(Records from a collection)
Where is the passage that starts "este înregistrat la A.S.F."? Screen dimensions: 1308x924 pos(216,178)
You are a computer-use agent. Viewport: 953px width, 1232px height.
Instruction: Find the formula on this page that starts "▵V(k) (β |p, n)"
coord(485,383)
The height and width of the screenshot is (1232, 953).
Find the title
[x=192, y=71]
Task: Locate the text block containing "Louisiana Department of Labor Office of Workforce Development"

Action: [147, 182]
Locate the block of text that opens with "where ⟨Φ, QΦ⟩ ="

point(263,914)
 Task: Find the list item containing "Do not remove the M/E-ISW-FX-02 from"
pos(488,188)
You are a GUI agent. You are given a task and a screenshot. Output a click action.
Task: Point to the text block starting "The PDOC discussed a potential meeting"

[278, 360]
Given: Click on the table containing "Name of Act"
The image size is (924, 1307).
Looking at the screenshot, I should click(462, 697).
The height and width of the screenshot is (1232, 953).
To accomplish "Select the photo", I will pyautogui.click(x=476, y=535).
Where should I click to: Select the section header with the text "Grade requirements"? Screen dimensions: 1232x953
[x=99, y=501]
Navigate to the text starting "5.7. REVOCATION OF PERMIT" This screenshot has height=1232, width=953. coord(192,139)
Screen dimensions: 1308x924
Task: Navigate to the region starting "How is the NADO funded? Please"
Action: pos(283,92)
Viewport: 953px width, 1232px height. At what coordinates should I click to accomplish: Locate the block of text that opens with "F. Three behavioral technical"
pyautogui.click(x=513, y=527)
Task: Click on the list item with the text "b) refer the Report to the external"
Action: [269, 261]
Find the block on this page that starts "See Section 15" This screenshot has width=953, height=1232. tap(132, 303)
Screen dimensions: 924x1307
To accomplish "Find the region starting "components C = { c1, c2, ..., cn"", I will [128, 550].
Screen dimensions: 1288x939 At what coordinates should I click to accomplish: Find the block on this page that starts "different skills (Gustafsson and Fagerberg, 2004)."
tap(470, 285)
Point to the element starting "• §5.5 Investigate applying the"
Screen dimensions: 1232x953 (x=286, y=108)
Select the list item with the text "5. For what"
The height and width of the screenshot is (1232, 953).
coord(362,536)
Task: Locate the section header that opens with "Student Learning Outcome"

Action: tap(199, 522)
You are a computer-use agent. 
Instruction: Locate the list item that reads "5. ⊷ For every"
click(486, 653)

> **Exercise requirements**:
Wherever the string "will" is found in the entries, copy the line it sits in.

> **Exercise result**:
To accomplish "Select the photo", I will pyautogui.click(x=476, y=535).
To accomplish "Find the region starting "components C = { c1, c2, ..., cn"", I will [128, 550].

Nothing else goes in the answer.